Like the FLC Seniors group, the Trekkers charge a nominal fee to participants, which covers basic costs like insurance. Some walk solo, some with spouses or friends, but the group's "fun, fitness and friendship" slogan reflects the importance of socialization as a big motivating factor, said Forbrich.

"For most of the people who are walking with us, it's the social aspect," she said. "Just catching up, and developing new friendships."

She added: "Some members join because they have recently lost a spouse. After the grieving process tones down a bit, either their kids encourage them to do it or they know someone who has taken part in the walks."

Retiree David Hall used to be an avid golfer until he started having back troubles stemming from swinging the golf club. As an alternative exercise, he joined the Northern Lights Walking Club about 15 years ago and is now head of the group, which organizes two walks a week, mostly for seniors, in south Edmonton and Leduc, Wetaskiwin, Camrose and Millet. Some members even join bigger walking events in the U.S. and abroad.

"Now I've got friends in Tennessee and Alabama, California and Nova Scotia," Hall said, pointing to an Alabama couple that will join him and a friend on a Panama Canal cruise this winter. "It built a whole new friendship network of people who like fresh air and exercise."

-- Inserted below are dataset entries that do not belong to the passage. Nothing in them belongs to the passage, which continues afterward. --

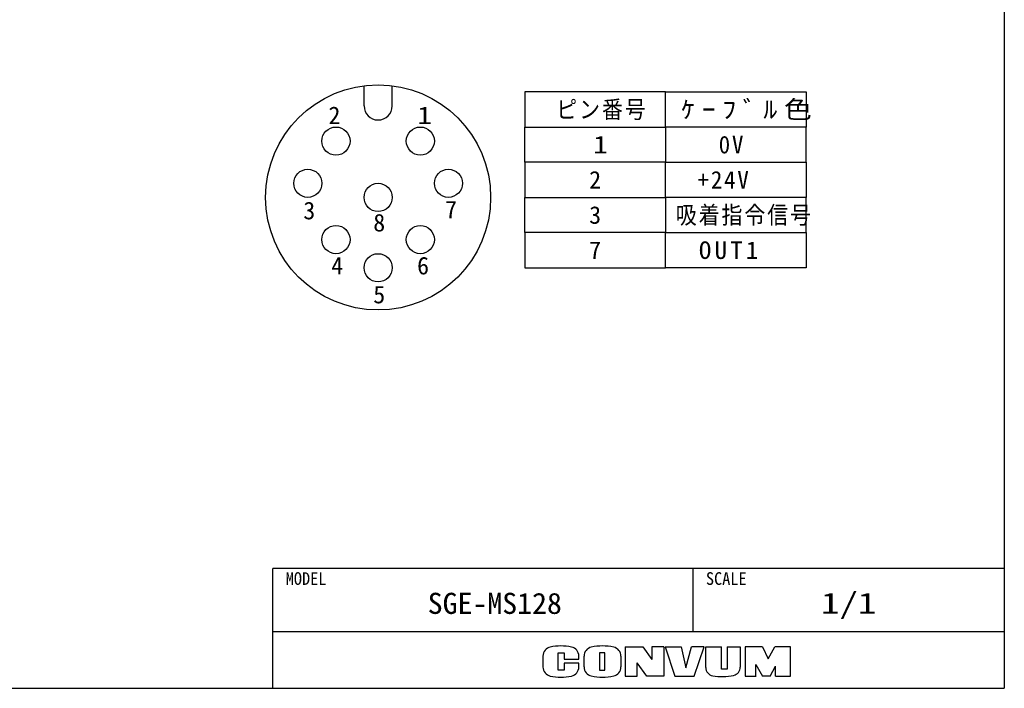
# Model space of a CAD drawing. Extents: x 0 to 277, y 0 to 190.
# Tile 2 of 5: x 137 to 277, y 0 to 95. Entities that reach past the tile are written whole.
import ezdxf

# ---------------------------------------------------------------- set-up
doc = ezdxf.new("R2010")
doc.units = 0
doc.layers.add('CLASS1', color=7, linetype='CONTINUOUS')
doc.layers.add('部品図', color=7, linetype='CONTINUOUS')

msp = doc.modelspace()

# ---------------------------------------------------------------- linework, layer by layer
at = {"layer": 'CLASS1', "color": 31, "linetype": 'CONTINUOUS'}
for p in [(277, 190), (0, 0)]:
    msp.add_line(p, (277, 0), dxfattribs=at)
at = {"layer": 'CLASS1', "color": 253, "linetype": 'CONTINUOUS'}
for p in [(173, 0), (277, 17)]:
    msp.add_line(p, (173, 17), dxfattribs=at)
at = {"layer": 'CLASS1', "color": 255, "linetype": 'CONTINUOUS'}
for p, q in [((232.749002, 8), (232.749002, 17)), ((277, 8), (173, 8))]:
    msp.add_line(p, q, dxfattribs=at)
at = {"layer": 'CLASS1', "color": 220, "linetype": 'CONTINUOUS'}
for p, q in [((223.1, 5.891946), (225.6, 5.891946)), ((223.1, 5.891946), (223.1, 1.711946)), ((225.6, 5.891946), (226.9, 4.080613)), ((226.9, 5.891946), (226.9, 4.080613)), ((228.6, 5.891946), (226.9, 5.891946)), ((228.6, 5.891946), (228.6, 1.711946)), ((228.78, 5.891946), (231.03, 5.891946)), ((228.78, 5.891946), (230.15, 1.711946)), ((231.03, 5.891946), (231.7, 2.911946)), ((231.7, 2.911946), (232.5, 5.891946)), ((234.3, 5.891946), (232.5, 5.891946)), ((232.9, 1.711946), (234.3, 5.891946)), ((234.55, 5.891946), (236.8, 5.891946)), ((234.55, 2.962978), (234.55, 5.891946)), ((236.8, 2.711946), (236.8, 5.891946)), ((237.58, 5.891946), (237.58, 2.711946)), ((237.58, 5.891946), (239.45, 5.891946)), ((239.45, 5.891946), (239.45, 3.011886)), ((242.6, 5.891946), (240.13, 5.891946)), ((240.13, 5.891946), (240.13, 1.711946)), ((242.6, 5.891946), (243.42, 4.191946)), ((243.42, 4.191946), (244.36, 5.891946)), ((246.6, 5.891946), (244.36, 5.891946)), ((246.6, 1.711946), (246.6, 5.891946)), ((211.4, 4.584631), (211.4, 3.019261)), ((213.55, 2.591946), (213.55, 5.041946)), ((213.55, 5.041946), (214.4, 5.041946)), ((214.4, 5.041946), (214.4, 4.161946)), ((216.5, 4.161946), (216.5, 4.584631)), ((217.25, 3.033004), (217.25, 4.570888)), ((219.45, 5.041946), (219.45, 2.591946)), ((220.2, 5.041946), (219.45, 5.041946)), ((220.2, 2.591946), (220.2, 5.041946)), ((222.48, 4.570888), (222.48, 3.033004)), ((214.4, 4.161946), (216.5, 4.161946)), ((214.4, 3.591946), (214.4, 2.591946)), ((216.5, 3.591946), (214.4, 3.591946)), ((216.5, 3.019261), (216.5, 3.591946)), ((224.78, 1.711946), (224.78, 3.611946)), ((226.18, 1.711946), (224.78, 3.611946)), ((241.69, 1.711946), (241.69, 3.366492)), ((241.69, 3.366492), (242.6, 1.711946)), ((243.7, 1.711946), (244.45, 3.161946)), ((244.45, 1.711946), (244.45, 3.161946)), ((214.4, 2.591946), (213.55, 2.591946)), ((219.45, 2.591946), (220.2, 2.591946)), ((223.1, 1.711946), (224.78, 1.711946)), ((228.6, 1.711946), (226.18, 1.711946)), ((230.15, 1.711946), (232.9, 1.711946)), ((237.58, 2.711946), (236.8, 2.711946)), ((240.13, 1.711946), (241.72, 1.711946)), ((243.7, 1.711946), (242.6, 1.711946)), ((244.45, 1.711946), (246.6, 1.711946))]:
    msp.add_line(p, q, dxfattribs=at)
for centre, radius, start, end in [((212.7, 4.584631), 1.3, 101.631293, 180), ((213.95, -1.488054), 7.5, 78.368707, 101.631293), ((215.2, 4.584631), 1.3, 0, 78.368707), ((218.55, 4.570888), 1.3, 102.245257, 180), ((219.865, -1.488054), 7.5, 77.754743, 102.245257), ((221.18, 4.570888), 1.3, 0, 77.754743), ((212.7, 3.019261), 1.3, 180, 258.368707), ((215.2, 3.019261), 1.3, 281.631293, 0), ((218.55, 3.033004), 1.3, 180, 257.754743), ((221.18, 3.033004), 1.3, 282.245257, 0), ((235.75, 2.962978), 1.2, 180, 259.765703), ((238.25, 3.011886), 1.2, 282.475783, 0), ((213.95, 9.091946), 7.5, 258.368707, 281.631293), ((219.865, 9.091946), 7.5, 257.754743, 282.245257), ((236.878229, 9.211946), 7.55, 259.765703, 282.475783)]:
    msp.add_arc(centre, radius, start, end, dxfattribs=at)
at = {"layer": '部品図', "color": 254, "linetype": 'CONTINUOUS'}
for p, q in [((185.959709, 82.752648), (185.959709, 85.627156)), ((189.959709, 82.752648), (189.959709, 85.627156)), ((228.800978, 84.752648), (208.800978, 84.752648)), ((208.800978, 84.752648), (208.800978, 79.752648)), ((228.800978, 79.752648), (228.800978, 84.752648)), ((228.800978, 84.752648), (248.800978, 84.752648)), ((228.800978, 79.752648), (228.800978, 84.752648)), ((248.800978, 84.752648), (248.800978, 79.752648)), ((208.800978, 79.752648), (228.800978, 79.752648)), ((208.800978, 79.752648), (228.800978, 79.752648)), ((208.800978, 74.752648), (208.800978, 79.752648)), ((228.800978, 79.752648), (228.800978, 74.752648)), ((248.800978, 79.752648), (228.800978, 79.752648)), ((228.800978, 79.752648), (228.800978, 74.752648)), ((248.800978, 79.752648), (228.800978, 79.752648)), ((248.800978, 74.752648), (248.800978, 79.752648)), ((228.800978, 74.752648), (208.800978, 74.752648)), ((228.800978, 74.752648), (208.800978, 74.752648)), ((208.800978, 74.752648), (208.800978, 69.752648)), ((228.800978, 69.752648), (228.800978, 74.752648)), ((228.800978, 69.752648), (228.800978, 74.752648)), ((228.800978, 74.752648), (248.800978, 74.752648)), ((228.800978, 74.752648), (248.800978, 74.752648)), ((248.800978, 74.752648), (248.800978, 69.752648)), ((208.800978, 69.752648), (228.800978, 69.752648)), ((208.800978, 69.752648), (228.800978, 69.752648)), ((208.800978, 64.752648), (208.800978, 69.752648)), ((228.800978, 69.752648), (228.800978, 64.752648)), ((248.800978, 69.752648), (228.800978, 69.752648)), ((228.800978, 69.752648), (228.800978, 64.752648)), ((248.800978, 69.752648), (228.800978, 69.752648)), ((248.800978, 64.752648), (248.800978, 69.752648)), ((228.800978, 64.752648), (208.800978, 64.752648)), ((228.800978, 64.752648), (208.800978, 64.752648)), ((208.800978, 64.752648), (208.800978, 59.752648)), ((228.800978, 59.752648), (228.800978, 64.752648)), ((228.800978, 59.752648), (228.800978, 64.752648)), ((228.800978, 64.752648), (248.800978, 64.752648)), ((228.800978, 64.752648), (248.800978, 64.752648)), ((248.800978, 64.752648), (248.800978, 59.752648)), ((208.800978, 59.752648), (228.800978, 59.752648)), ((248.800978, 59.752648), (228.800978, 59.752648))]:
    msp.add_line(p, q, dxfattribs=at)
for centre, radius in [((187.959709, 69.752648), 16), ((181.959709, 77.752648), 2), ((193.959709, 77.752648), 2), ((177.959709, 71.752648), 2), ((197.959709, 71.752648), 2), ((187.959709, 69.752648), 2), ((181.959709, 63.752648), 2), ((193.959709, 63.752648), 2), ((187.959709, 59.752648), 2)]:
    msp.add_circle(centre, radius, dxfattribs=at)
msp.add_arc((187.959709, 82.752648), 2, 180, 0, dxfattribs=at)

# ---------------------------------------------------------------- texts
at = {"layer": 'CLASS1', "color": 140, "linetype": 'CONTINUOUS', "attachment_point": 2}
for s, insert, char_height, line_spacing_factor in [('\\W0.944444;\\A1;MODEL', (177.712549, 16.495431), 1.8, 0.6), ('\\W0.944444;\\A1;SCALE', (237.46155, 16.495431), 1.8, 0.6), ('\\W1.038462;\\A1;SGE-MS128', (204.550437, 13.569581), 3, 0.72), ('\\W1.285714;\\A1;1/1', (254.874501, 13.591642), 3, 0.72)]:
    msp.add_mtext(s, dxfattribs=dict(at, insert=insert, char_height=char_height, line_spacing_factor=line_spacing_factor))
at = {"layer": '部品図', "color": 7, "linetype": 'CONTINUOUS', "char_height": 2.5, "attachment_point": 1, "line_spacing_factor": 0.72}
for s, insert in [('\\T1.200000;\\A1;2', (180.898866, 82.667201)), ('\\T1.469694;\\W1.224745;\\A1;1', (193.53298, 82.667201)), ('\\T1.095445;\\W0.912871;\\A1;ピン番号', (213.290252, 83.502648)), ('\\T1.469694;\\W1.224745;\\A1;ｹｰﾌﾞﾙ色', (231.030357, 83.502648)), ('\\T1.469694;\\W1.224745;\\A1;1', (218.530357, 78.502648)), ('\\T1.152923;\\W0.960769;\\A1;0V', (236.384952, 78.502648)), ('\\T1.200000;\\A1;2', (217.967645, 73.502648)), ('\\T1.152923;\\W0.960769;\\A1;+24V', (233.384952, 73.502648)), ('\\T1.200000;\\A1;3', (177.317242, 69.13662)), ('\\T1.200000;\\A1;7', (197.480461, 69.269272)), ('\\T1.095445;\\W0.912871;\\A1;吸着指令信号', (230.290252, 68.502648)), ('\\T1.200000;\\A1;8', (187.266199, 67.412134)), ('\\T1.200000;\\A1;3', (217.967645, 68.502648)), ('\\T1.200000;\\A1;7', (217.967645, 63.502648)), ('\\T1.253359;\\W1.044466;\\A1;OUT1', (233.566953, 63.502648)), ('\\T1.200000;\\A1;4', (181.296824, 61.310107)), ('\\T1.200000;\\A1;6', (193.500878, 61.310107)), ('\\T1.200000;\\A1;5', (187.266199, 57.197871))]:
    msp.add_mtext(s, dxfattribs=dict(at, insert=insert))

doc.saveas('drawing.dxf')

Hall met Ryan Beamer from Colorado 10 years ago at a walk in Langley, B.C. and they have become good pals, meeting up for walks almost every year in Edmonton or places like Cypress Hills, San Antonio, Texas and Phoenix, Arizona.

Coincidentally, Hall says he and Beamer share something else besides a love for walking. They are both 72 years old and their birthdays are only a few days apart.

"We call ourselves twins because we're both September babies," he said with a chuckle.